→ **Task item**:
Filter the records below down to lines containing "Crash".
BEGIN The records
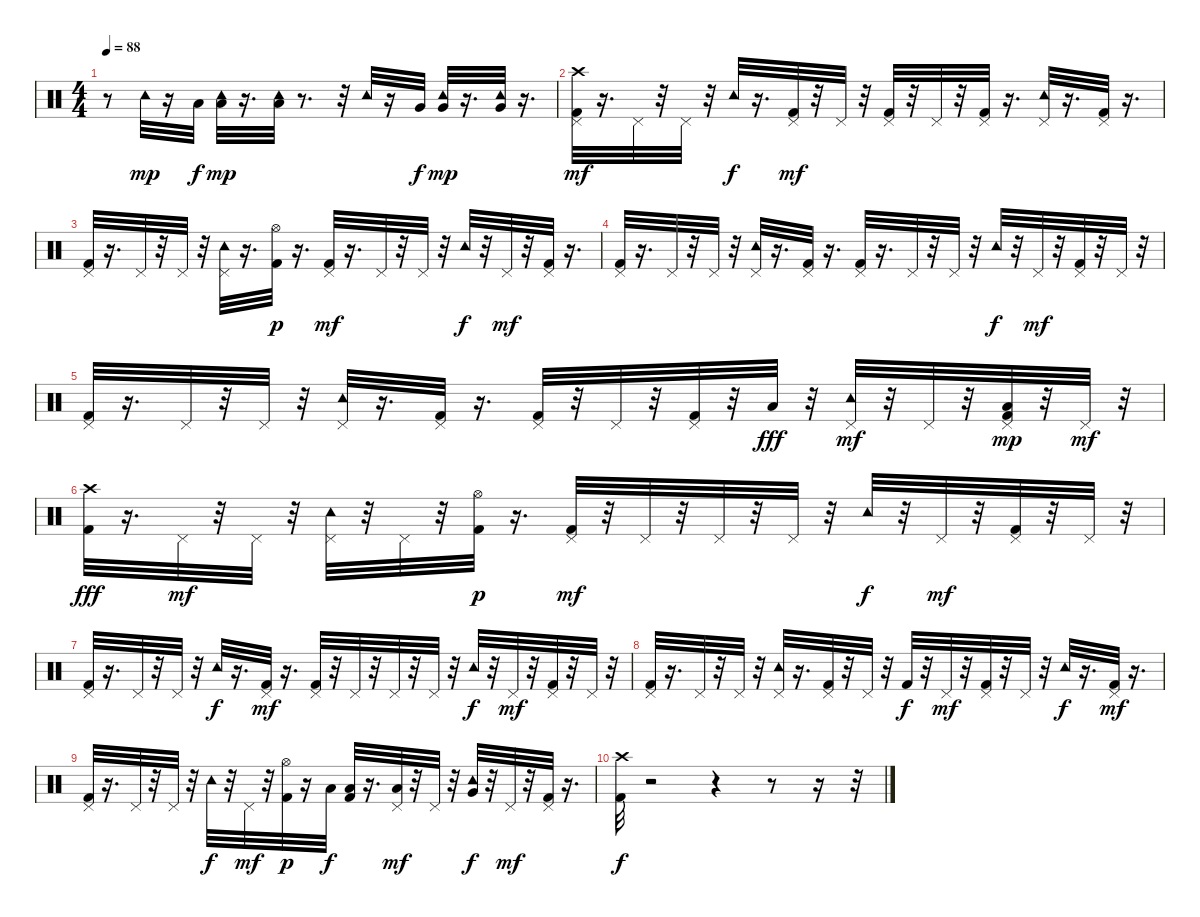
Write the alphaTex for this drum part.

\track "" {instrument percussion}
\staff {score}
\articulation defaults
\ts (4 4)
\tempo 88
\clef neutral
\ks c
r.8{dy mp} "Tambourine (hit)".32 r.16 "Low Tom (hit)".32{dy f} ("Tambourine (hit)" "Low Tom (hit)").32{dy mp} r.16{d} ("Tambourine (hit)" "Low Tom (hit)").32 r.8{d} r.32 "Tambourine (hit)".32 r.16 "Very Low Tom (hit)".32{dy f} ("Tambourine (hit)" "Very Low Tom (hit)").32{dy mp} r.16{d} ("Tambourine (hit)" "Very Low Tom (hit)").32 r.16{d} |
("Crash high (hit)" "Pedal Hi-Hat (hit)" "Kick (hit) 2").32{dy mf} r.16{d} "Pedal Hi-Hat (hit)".32 r.32 "Pedal Hi-Hat (hit)".32 r.32 "Tambourine (hit)".32{dy f} r.16{d} ("Pedal Hi-Hat (hit)" "Kick (hit) 2").32{dy mf} r.32 "Pedal Hi-Hat (hit)".32 r.32 ("Kick (hit) 2" "Pedal Hi-Hat (hit)").32 r.32 "Pedal Hi-Hat (hit)".32 r.32 ("Kick (hit) 2" "Pedal Hi-Hat (hit)").32 r.16{d} ("Pedal Hi-Hat (hit)" "Tambourine (hit)").32 r.16{d} ("Kick (hit) 2" "Pedal Hi-Hat (hit)").32 r.16{d} |
("Kick (hit) 2" "Pedal Hi-Hat (hit)").32 r.16{d} "Pedal Hi-Hat (hit)".32 r.32 "Pedal Hi-Hat (hit)".32 r.32 ("Pedal Hi-Hat (hit)" "Tambourine (hit)").32 r.16{d} ("Kick (hit) 2" "Hi-Hat (open)").32{dy p} r.16{d} ("Kick (hit) 2" "Pedal Hi-Hat (hit)").32{dy mf} r.16{d} "Pedal Hi-Hat (hit)".32 r.32 "Pedal Hi-Hat (hit)".32 r.32 "Tambourine (hit)".32{dy f} r.32 "Pedal Hi-Hat (hit)".32{dy mf} r.32 ("Pedal Hi-Hat (hit)" "Kick (hit) 2").32 r.16{d} |
("Kick (hit) 2" "Pedal Hi-Hat (hit)").32 r.16{d} "Pedal Hi-Hat (hit)".32 r.32 "Pedal Hi-Hat (hit)".32 r.32 ("Pedal Hi-Hat (hit)" "Tambourine (hit)").32 r.16{d} ("Kick (hit) 2" "Pedal Hi-Hat (hit)").32 r.16{d} ("Pedal Hi-Hat (hit)" "Kick (hit) 2").32 r.16{d} "Pedal Hi-Hat (hit)".32 r.32 "Pedal Hi-Hat (hit)".32 r.32 "Tambourine (hit)".32{dy f} r.32 "Pedal Hi-Hat (hit)".32{dy mf} r.32 ("Kick (hit) 2" "Pedal Hi-Hat (hit)").32 r.32 "Pedal Hi-Hat (hit)".32 r.32 |
("Pedal Hi-Hat (hit)" "Kick (hit) 2").32 r.16{d} "Pedal Hi-Hat (hit)".32 r.32 "Pedal Hi-Hat (hit)".32 r.32 ("Pedal Hi-Hat (hit)" "Tambourine (hit)").32 r.16{d} ("Pedal Hi-Hat (hit)" "Kick (hit) 2").32 r.16{d} ("Pedal Hi-Hat (hit)" "Kick (hit) 2").32 r.32 "Pedal Hi-Hat (hit)".32 r.32 ("Kick (hit) 2" "Pedal Hi-Hat (hit)").32 r.32 "Low Tom (hit)".32{dy fff} r.32 ("Pedal Hi-Hat (hit)" "Tambourine (hit)").32{dy mf} r.32 "Pedal Hi-Hat (hit)".32 r.32 ("Low Tom (hit)" "Pedal Hi-Hat (hit)" "Kick (hit) 2").32{dy mp} r.32 "Pedal Hi-Hat (hit)".32{dy mf} r.32 |
("Crash high (hit)" "Kick (hit) 2").32{dy fff} r.16{d} "Pedal Hi-Hat (hit)".32{dy mf} r.32 "Pedal Hi-Hat (hit)".32 r.32 ("Tambourine (hit)" "Pedal Hi-Hat (hit)").32 r.32 "Pedal Hi-Hat (hit)".32 r.32 ("Kick (hit) 2" "Hi-Hat (open)").32{dy p} r.16{d} ("Kick (hit) 2" "Pedal Hi-Hat (hit)").32{dy mf} r.32 "Pedal Hi-Hat (hit)".32 r.32 "Pedal Hi-Hat (hit)".32 r.32 "Pedal Hi-Hat (hit)".32 r.32 "Tambourine (hit)".32{dy f} r.32 "Pedal Hi-Hat (hit)".32{dy mf} r.32 ("Pedal Hi-Hat (hit)" "Kick (hit) 2").32 r.32 "Pedal Hi-Hat (hit)".32 r.32 |
("Kick (hit) 2" "Pedal Hi-Hat (hit)").32 r.16{d} "Pedal Hi-Hat (hit)".32 r.32 "Pedal Hi-Hat (hit)".32 r.32 "Tambourine (hit)".32{dy f} r.16{d} ("Kick (hit) 2" "Pedal Hi-Hat (hit)").32{dy mf} r.16{d} ("Pedal Hi-Hat (hit)" "Kick (hit) 2").32 r.32 "Pedal Hi-Hat (hit)".32 r.32 "Pedal Hi-Hat (hit)".32 r.32 "Pedal Hi-Hat (hit)".32 r.32 "Tambourine (hit)".32{dy f} r.32 "Pedal Hi-Hat (hit)".32{dy mf} r.32 ("Kick (hit) 2" "Pedal Hi-Hat (hit)").32 r.32 "Pedal Hi-Hat (hit)".32 r.32 |
("Pedal Hi-Hat (hit)" "Kick (hit) 2").32 r.16{d} "Pedal Hi-Hat (hit)".32 r.32 "Pedal Hi-Hat (hit)".32 r.32 ("Pedal Hi-Hat (hit)" "Tambourine (hit)").32 r.16{d} ("Pedal Hi-Hat (hit)" "Kick (hit) 2").32 r.32 "Pedal Hi-Hat (hit)".32 r.32 "Kick (hit) 2".32{dy f} r.32 "Pedal Hi-Hat (hit)".32{dy mf} r.32 ("Kick (hit) 2" "Pedal Hi-Hat (hit)").32 r.32 "Pedal Hi-Hat (hit)".32 r.32 "Tambourine (hit)".32{dy f} r.16{d} ("Kick (hit) 2" "Pedal Hi-Hat (hit)").32{dy mf} r.16{d} |
("Kick (hit) 2" "Pedal Hi-Hat (hit)").32 r.16{d} "Pedal Hi-Hat (hit)".32 r.32 "Pedal Hi-Hat (hit)".32 r.32 "Tambourine (hit)".32{dy f} r.32 "Pedal Hi-Hat (hit)".32{dy mf} r.32 ("Kick (hit) 2" "Hi-Hat (open)").32{dy p} r.16 "Low Tom (hit)".32{dy f} ("Low Tom (hit)" "Kick (hit) 2").32 r.16{d} ("Pedal Hi-Hat (hit)" "Low Tom (hit)").32{dy mf} r.32 "Pedal Hi-Hat (hit)".32 r.32 ("Tambourine (hit)" "Very Low Tom (hit)").32{dy f} r.32 "Pedal Hi-Hat (hit)".32{dy mf} r.32 ("Kick (hit) 2" "Pedal Hi-Hat (hit)").32 r.16{d} |
("Kick (hit) 2" "Crash high (hit)").32{dy f} r.2 r.4 r.8 r.16 r.32
END The records
→ **Solution to this problem**:
("Crash high (hit)" "Pedal Hi-Hat (hit)" "Kick (hit) 2").32{dy mf} r.16{d} "Pedal Hi-Hat (hit)".32 r.32 "Pedal Hi-Hat (hit)".32 r.32 "Tambourine (hit)".32{dy f} r.16{d} ("Pedal Hi-Hat (hit)" "Kick (hit) 2").32{dy mf} r.32 "Pedal Hi-Hat (hit)".32 r.32 ("Kick (hit) 2" "Pedal Hi-Hat (hit)").32 r.32 "Pedal Hi-Hat (hit)".32 r.32 ("Kick (hit) 2" "Pedal Hi-Hat (hit)").32 r.16{d} ("Pedal Hi-Hat (hit)" "Tambourine (hit)").32 r.16{d} ("Kick (hit) 2" "Pedal Hi-Hat (hit)").32 r.16{d} |
("Crash high (hit)" "Kick (hit) 2").32{dy fff} r.16{d} "Pedal Hi-Hat (hit)".32{dy mf} r.32 "Pedal Hi-Hat (hit)".32 r.32 ("Tambourine (hit)" "Pedal Hi-Hat (hit)").32 r.32 "Pedal Hi-Hat (hit)".32 r.32 ("Kick (hit) 2" "Hi-Hat (open)").32{dy p} r.16{d} ("Kick (hit) 2" "Pedal Hi-Hat (hit)").32{dy mf} r.32 "Pedal Hi-Hat (hit)".32 r.32 "Pedal Hi-Hat (hit)".32 r.32 "Pedal Hi-Hat (hit)".32 r.32 "Tambourine (hit)".32{dy f} r.32 "Pedal Hi-Hat (hit)".32{dy mf} r.32 ("Pedal Hi-Hat (hit)" "Kick (hit) 2").32 r.32 "Pedal Hi-Hat (hit)".32 r.32 |
("Kick (hit) 2" "Crash high (hit)").32{dy f} r.2 r.4 r.8 r.16 r.32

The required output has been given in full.